:: YOUR INSTRUCTIONS ::
Copied exactly and without pictures, the lines from the beginning of the entries through the one that holds "-> (29, 23.3)" should form the entire reply.

:: GIVEN RECORDS ::
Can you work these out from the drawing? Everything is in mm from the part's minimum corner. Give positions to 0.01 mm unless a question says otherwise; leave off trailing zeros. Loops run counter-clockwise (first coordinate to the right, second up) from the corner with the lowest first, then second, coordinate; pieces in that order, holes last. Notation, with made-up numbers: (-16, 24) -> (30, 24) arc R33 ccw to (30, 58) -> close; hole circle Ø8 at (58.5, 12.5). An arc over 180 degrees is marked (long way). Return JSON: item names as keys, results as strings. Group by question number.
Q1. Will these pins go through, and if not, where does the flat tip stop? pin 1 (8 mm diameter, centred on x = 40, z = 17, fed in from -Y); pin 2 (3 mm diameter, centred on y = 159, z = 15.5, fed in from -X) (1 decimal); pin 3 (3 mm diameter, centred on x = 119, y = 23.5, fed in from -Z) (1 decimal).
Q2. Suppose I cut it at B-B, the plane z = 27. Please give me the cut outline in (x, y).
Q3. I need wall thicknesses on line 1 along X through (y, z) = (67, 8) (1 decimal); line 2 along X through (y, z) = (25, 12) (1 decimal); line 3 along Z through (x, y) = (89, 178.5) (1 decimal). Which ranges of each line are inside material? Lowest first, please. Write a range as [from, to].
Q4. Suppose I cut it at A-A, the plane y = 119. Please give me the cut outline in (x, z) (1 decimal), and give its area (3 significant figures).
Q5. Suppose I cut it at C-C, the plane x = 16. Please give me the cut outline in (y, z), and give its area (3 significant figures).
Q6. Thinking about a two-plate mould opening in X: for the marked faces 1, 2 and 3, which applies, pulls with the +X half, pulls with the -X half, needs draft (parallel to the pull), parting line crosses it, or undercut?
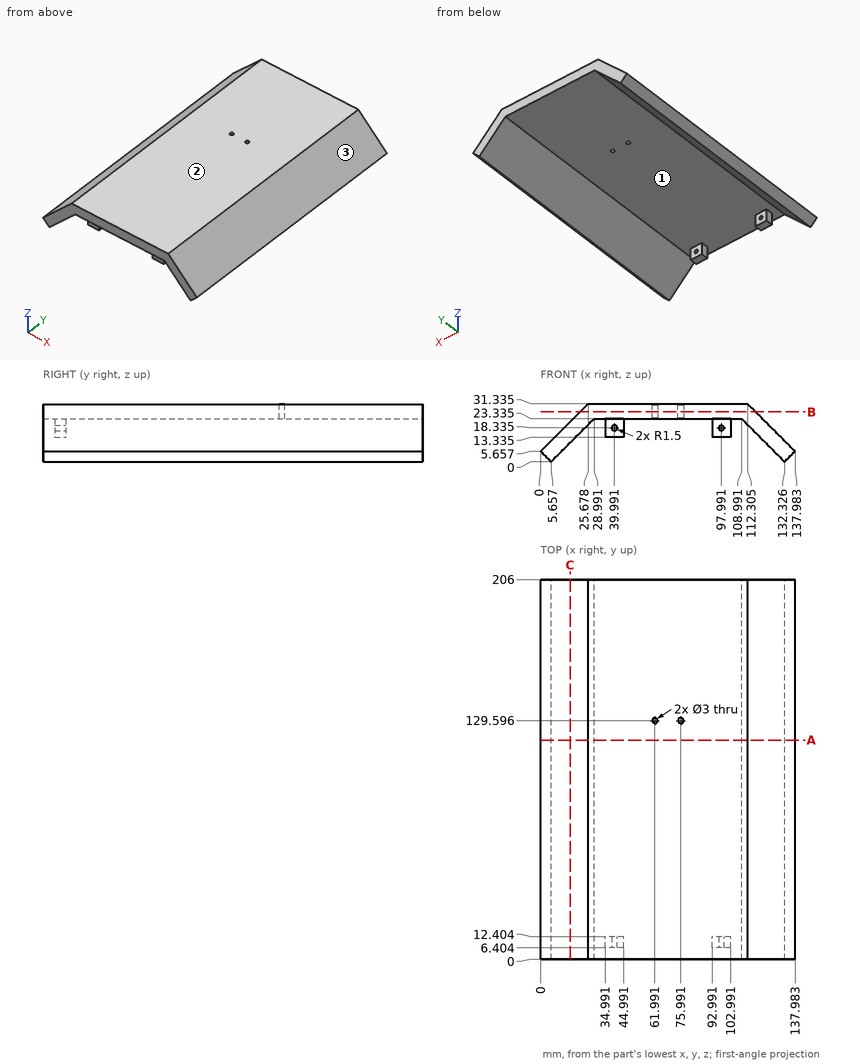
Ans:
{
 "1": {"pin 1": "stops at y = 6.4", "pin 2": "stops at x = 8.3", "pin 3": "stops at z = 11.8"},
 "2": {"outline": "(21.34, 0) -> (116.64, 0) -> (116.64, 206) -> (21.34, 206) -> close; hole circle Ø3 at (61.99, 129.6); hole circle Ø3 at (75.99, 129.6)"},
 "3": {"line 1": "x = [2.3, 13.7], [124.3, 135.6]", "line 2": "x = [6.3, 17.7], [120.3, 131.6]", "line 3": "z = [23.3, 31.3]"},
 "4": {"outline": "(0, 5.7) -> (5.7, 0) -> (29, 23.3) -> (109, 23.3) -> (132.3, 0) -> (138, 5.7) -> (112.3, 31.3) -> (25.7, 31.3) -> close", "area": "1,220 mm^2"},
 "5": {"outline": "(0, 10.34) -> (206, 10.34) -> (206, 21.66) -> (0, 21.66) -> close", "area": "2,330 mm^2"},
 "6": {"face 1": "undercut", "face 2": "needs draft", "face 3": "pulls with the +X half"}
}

:: WRITTEN REPLY ::
Can you work these out from the drawing? Everything is in mm from the part's minimum corner. Give positions to 0.01 mm unless a question says otherwise; leave off trailing zeros. Loops run counter-clockwise (first coordinate to the right, second up) from the corner with the lowest first, then second, coordinate; pieces in that order, holes last. Notation, with made-up numbers: (-16, 24) -> (30, 24) arc R33 ccw to (30, 58) -> close; hole circle Ø8 at (58.5, 12.5). An arc over 180 degrees is marked (long way). Return JSON: item names as keys, results as strings. Group by question number.
Q1. Will these pins go through, and if not, where does the flat tip stop? pin 1 (8 mm diameter, centred on x = 40, z = 17, fed in from -Y); pin 2 (3 mm diameter, centred on y = 159, z = 15.5, fed in from -X) (1 decimal); pin 3 (3 mm diameter, centred on x = 119, y = 23.5, fed in from -Z) (1 decimal).
Q2. Suppose I cut it at B-B, the plane z = 27. Please give me the cut outline in (x, y).
Q3. I need wall thicknesses on line 1 along X through (y, z) = (67, 8) (1 decimal); line 2 along X through (y, z) = (25, 12) (1 decimal); line 3 along Z through (x, y) = (89, 178.5) (1 decimal). Which ranges of each line are inside material? Lowest first, please. Write a range as [from, to].
Q4. Suppose I cut it at A-A, the plane y = 119. Please give me the cut outline in (x, z) (1 decimal), and give its area (3 significant figures).
Q5. Suppose I cut it at C-C, the plane x = 16. Please give me the cut outline in (y, z), and give its area (3 significant figures).
Q6. Thinking about a two-plate mould opening in X: for the marked faces 1, 2 and 3, which applies, pulls with the +X half, pulls with the -X half, needs draft (parallel to the pull), parting line crosses it, or undercut?
Ans:
{
 "1": {"pin 1": "stops at y = 6.4", "pin 2": "stops at x = 8.3", "pin 3": "stops at z = 11.8"},
 "2": {"outline": "(21.34, 0) -> (116.64, 0) -> (116.64, 206) -> (21.34, 206) -> close; hole circle Ø3 at (61.99, 129.6); hole circle Ø3 at (75.99, 129.6)"},
 "3": {"line 1": "x = [2.3, 13.7], [124.3, 135.6]", "line 2": "x = [6.3, 17.7], [120.3, 131.6]", "line 3": "z = [23.3, 31.3]"},
 "4": {"outline": "(0, 5.7) -> (5.7, 0) -> (29, 23.3) -> (109, 23.3) -> (132.3, 0) -> (138, 5.7) -> (112.3, 31.3) -> (25.7, 31.3) -> close", "area": "1,220 mm^2"},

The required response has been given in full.